The next paragraph talks of the Karuna faction being reportedly responsible for abductions, and seems to assert the complicity of security forces. There have only been allegations about this last, with no evidence supplied to government requests for such so that investigations can proceed. In addition, the Karuna faction did release 1800 cadres when it split from the LTTE in 2004, and they say it was only because of neglect and threats from the LTTE that they took some of them back. Even if you do not want to believe the Karuna faction claim entirely, it is a fact that there has never been any allegation that under age children were used in combat by them after they split from the LTTE, as opposed to the continuing if less flagrant use of them by the LTTE up to now.

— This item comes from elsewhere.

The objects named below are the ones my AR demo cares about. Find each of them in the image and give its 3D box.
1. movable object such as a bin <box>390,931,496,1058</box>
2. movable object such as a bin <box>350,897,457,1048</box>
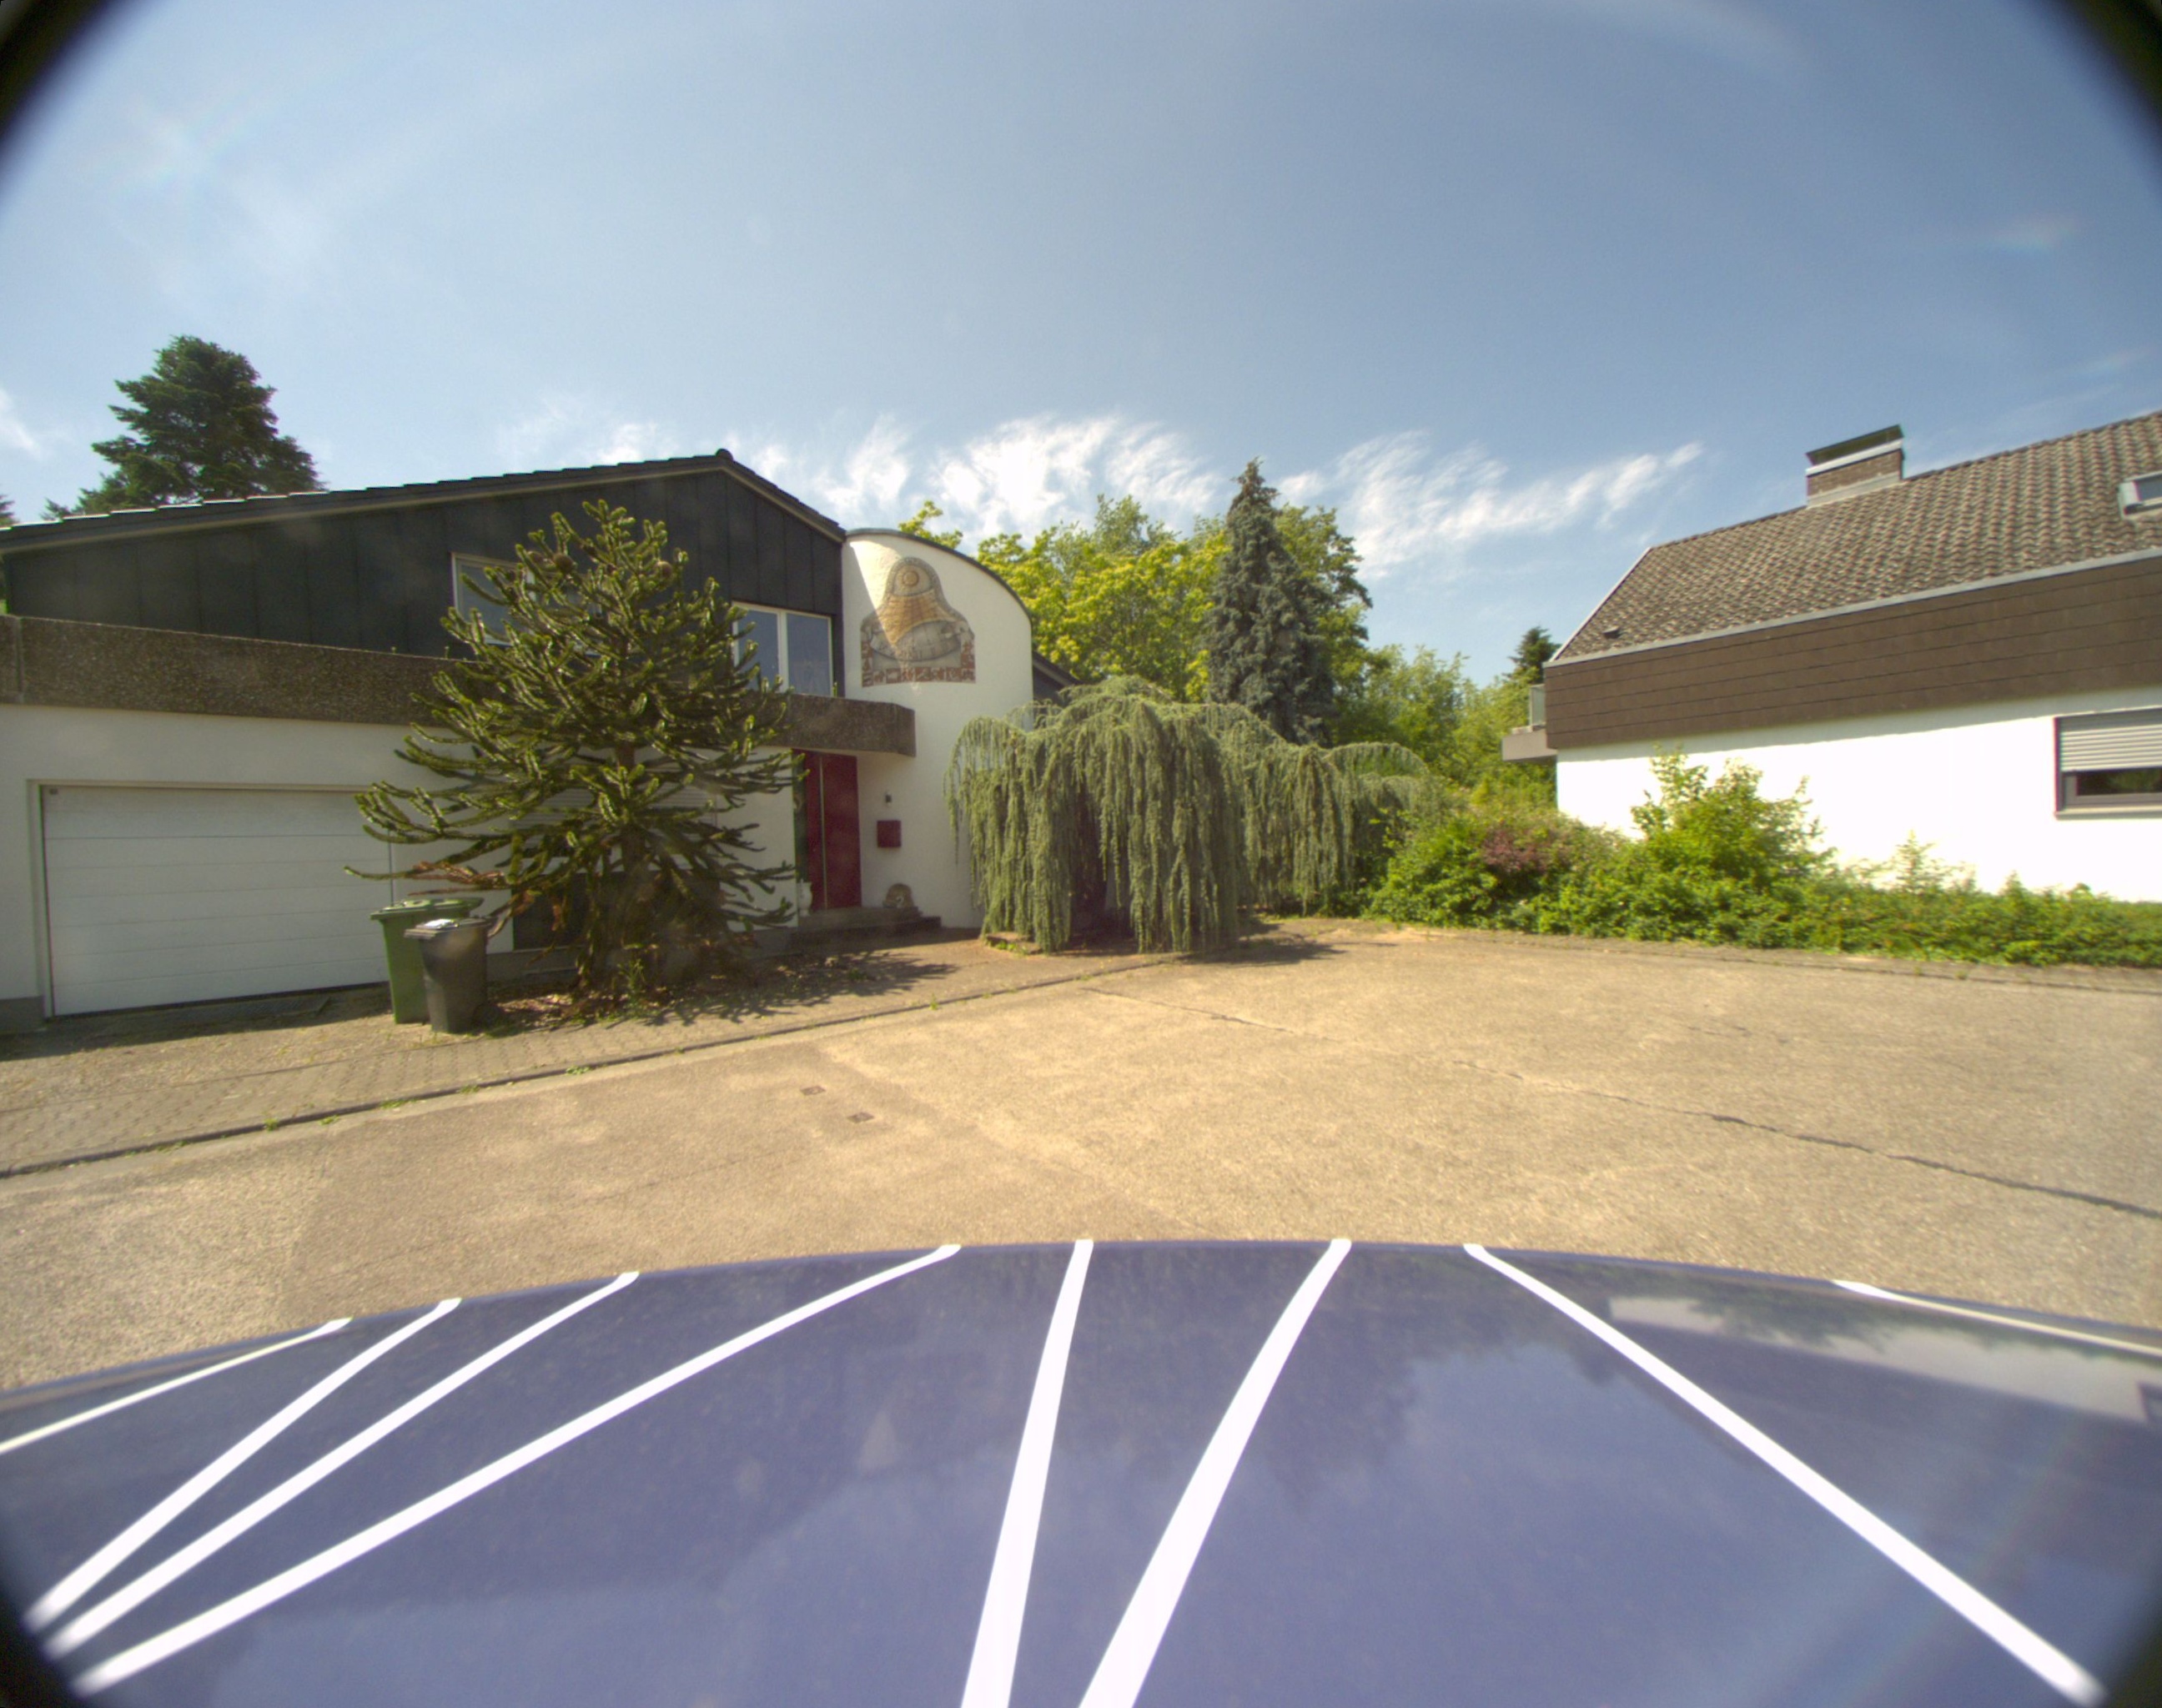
[{"bbox_3d":[-5.339,1.152,6.373,0.388,0.944,0.525,-1,1,25],"label":"movable object such as a bin"},{"bbox_3d":[-5.976,1.014,6.739,0.635,1.196,0.550,-3,2,-39],"label":"movable object such as a bin"}]

In the next paragraph you claim the government targeted members of pro-LTTE political factions such as the MP who was killed in December 2005. That is an outrageous claim – the government in fact arrested soldiers who had been in the vicinity, though they had to be released after an identity parade. Subsequently, though this information was never given direct to the investigation, through the IPU the government was informed that members of two separate Tamil militant groups were responsible. The policeman in charge of the case, a relation of the murdered MP, did not think the information sufficient to follow up. This year, when another Tamil MP was killed in Colombo, there were immediate allegations that the government was responsible. These died down when it transpired that the assassin had been arrested, and turned out to be a member of the LTTE.
In the penultimate paragraph, the figures are all wrong, and you should at least have consulted recent UNHCR material. There are only 26,000 tsunami displaced as opposed to the 350,000 you assert. More than the 250,000 you cite were displaced during the 2006/2007 fighting, but only 188,000 of them have not gone back to their places of origin. Certainly the 312,000 who had been displaced earlier should have been assisted more effectively, but action has begun in this respect, and been commended by the UN Special Rapporteur on the Rights of IDPs who visited last December.

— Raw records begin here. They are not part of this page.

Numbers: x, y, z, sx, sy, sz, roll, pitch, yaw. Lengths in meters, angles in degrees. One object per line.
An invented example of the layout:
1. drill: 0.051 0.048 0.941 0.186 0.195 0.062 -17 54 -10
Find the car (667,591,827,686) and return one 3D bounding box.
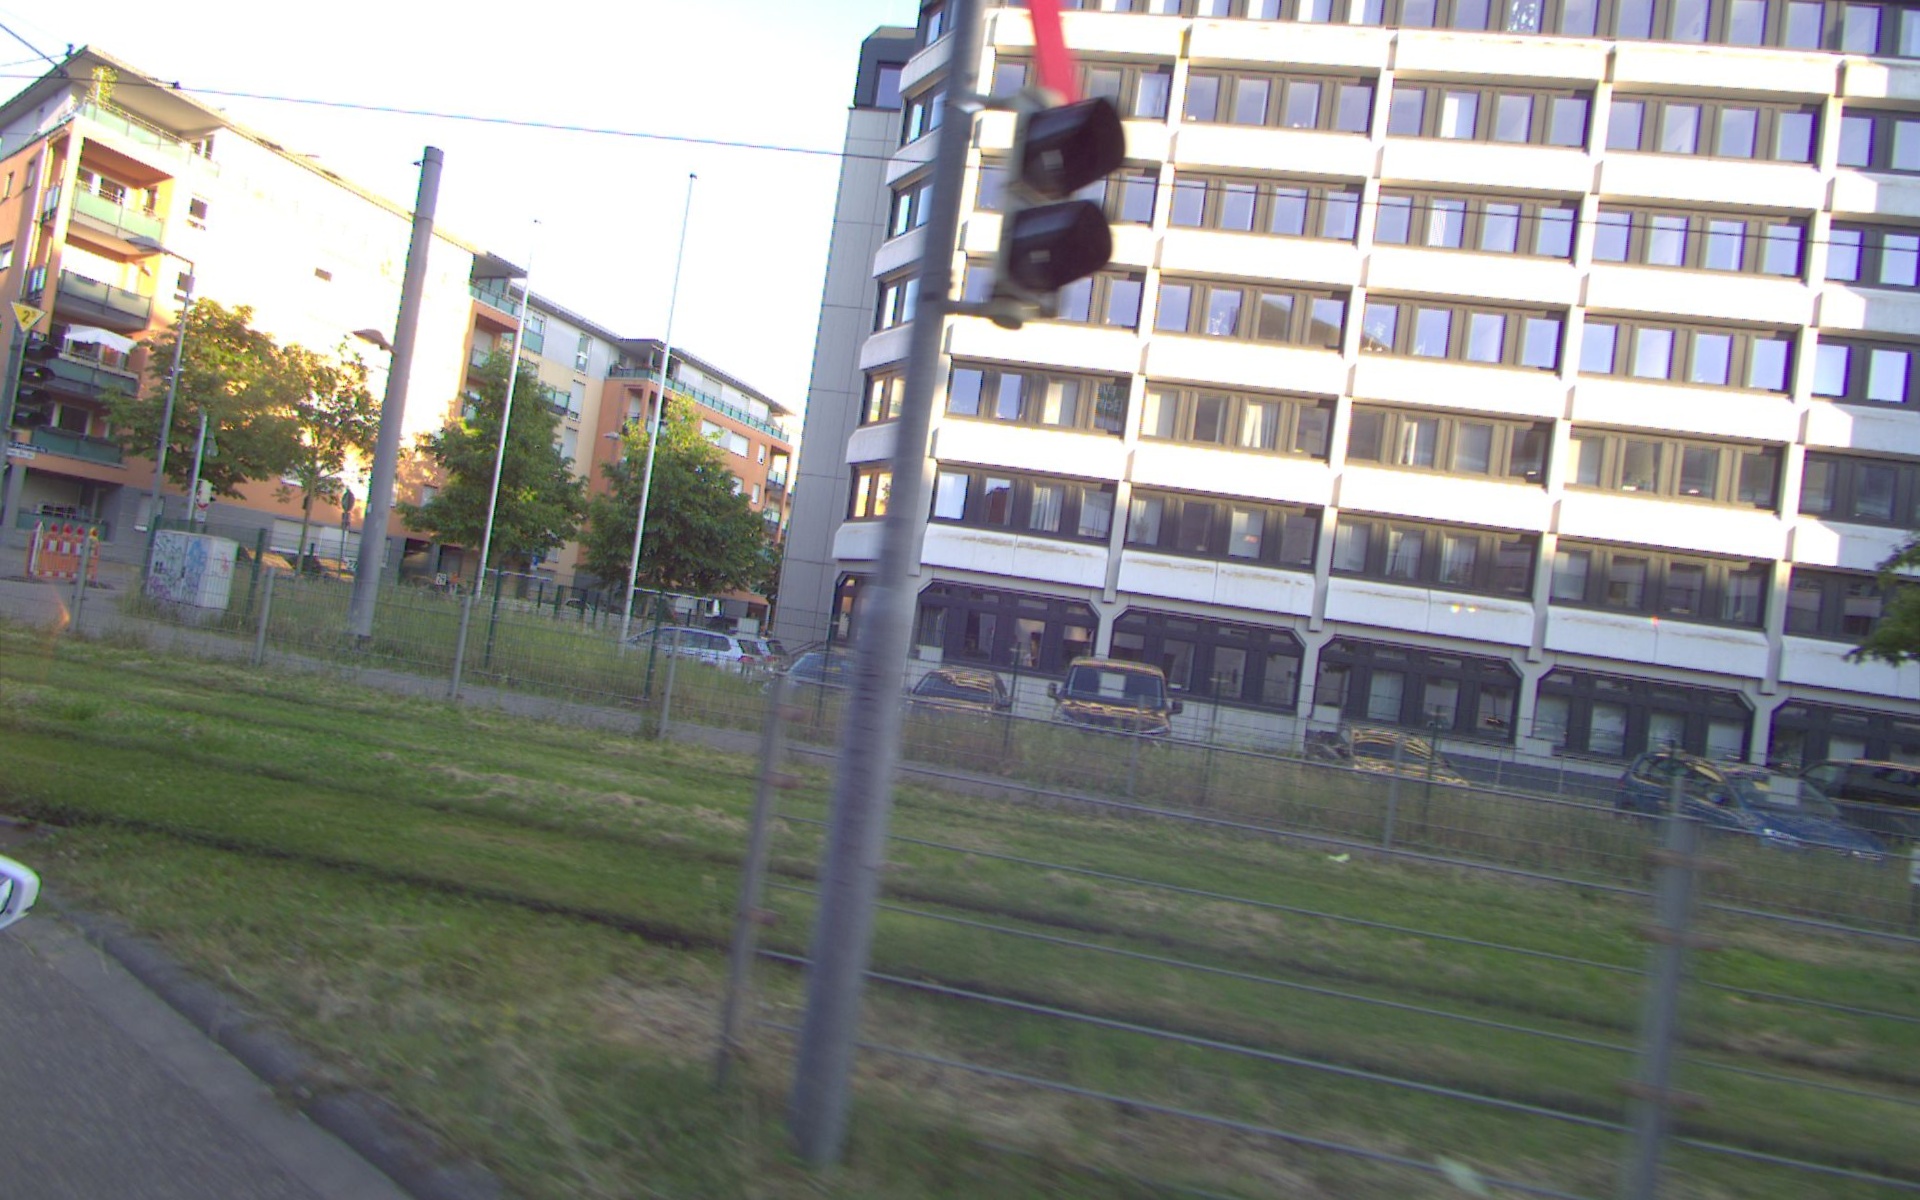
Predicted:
1. car: -5.987 1.072 28.183 3.935 2.035 1.998 7 -3 34

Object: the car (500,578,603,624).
1. car: -21.129 0.042 52.005 4.727 1.612 2.002 7 -3 23

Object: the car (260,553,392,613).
1. car: -24.655 -0.669 39.108 4.729 1.612 2.001 7 -3 26

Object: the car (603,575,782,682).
1. car: -6.711 0.693 25.193 3.935 2.035 1.998 7 -3 34

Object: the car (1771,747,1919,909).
1. car: 14.459 3.465 14.880 1.962 2.035 4.008 8 -3 10

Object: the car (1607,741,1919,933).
1. car: 12.143 3.464 15.590 1.962 2.035 4.008 8 -3 10

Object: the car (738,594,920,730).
1. car: -2.321 1.223 19.090 1.962 2.035 4.008 8 -3 12

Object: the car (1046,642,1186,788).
1. car: 2.883 1.992 18.016 1.962 2.035 4.008 8 -3 12

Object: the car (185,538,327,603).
1. car: -25.537 -1.061 36.468 4.729 1.611 2.002 7 -4 26

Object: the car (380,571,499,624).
1. car: -22.584 -0.115 43.610 4.729 1.612 2.001 7 -3 26

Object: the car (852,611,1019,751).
1. car: -0.296 1.499 18.561 1.962 2.035 4.008 8 -3 12

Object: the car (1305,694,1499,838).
1. car: 7.147 2.602 16.728 1.962 1.768 4.008 8 -3 12

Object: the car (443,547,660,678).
1. car: -8.363 0.238 20.538 3.935 2.035 1.998 7 -3 34

Finally, your claim that an army attack that hit an IDP camp in November (2006) killed at least 50 people is a repetition of a point I have dealt with above, and is grossly unfair in a context in which it is the only incident, during the course of the military operations to retake the east, in which there were even allegations of civilian casualties. Again, your generalization about rape in the final paragraph ignores the fact that there were no allegations even of rape made against the army in the course of operations.
I hope very much that you will take the above points into account, and issue a revised version of your report. Though I realize you try to be fair, such reports are grist to the mill of the LTTE, which then claims justification for its terrorism. When this wins it additional support, as when Mrs Clinton in the course of her campaign, for which the LTTE had ensured heavy funding, suggested that this type of terrorism was somehow justifiable, it makes it much more difficult for democratically elected governments to deal with such problems expeditiously whilst ensuring freedom and pluralistic democracy.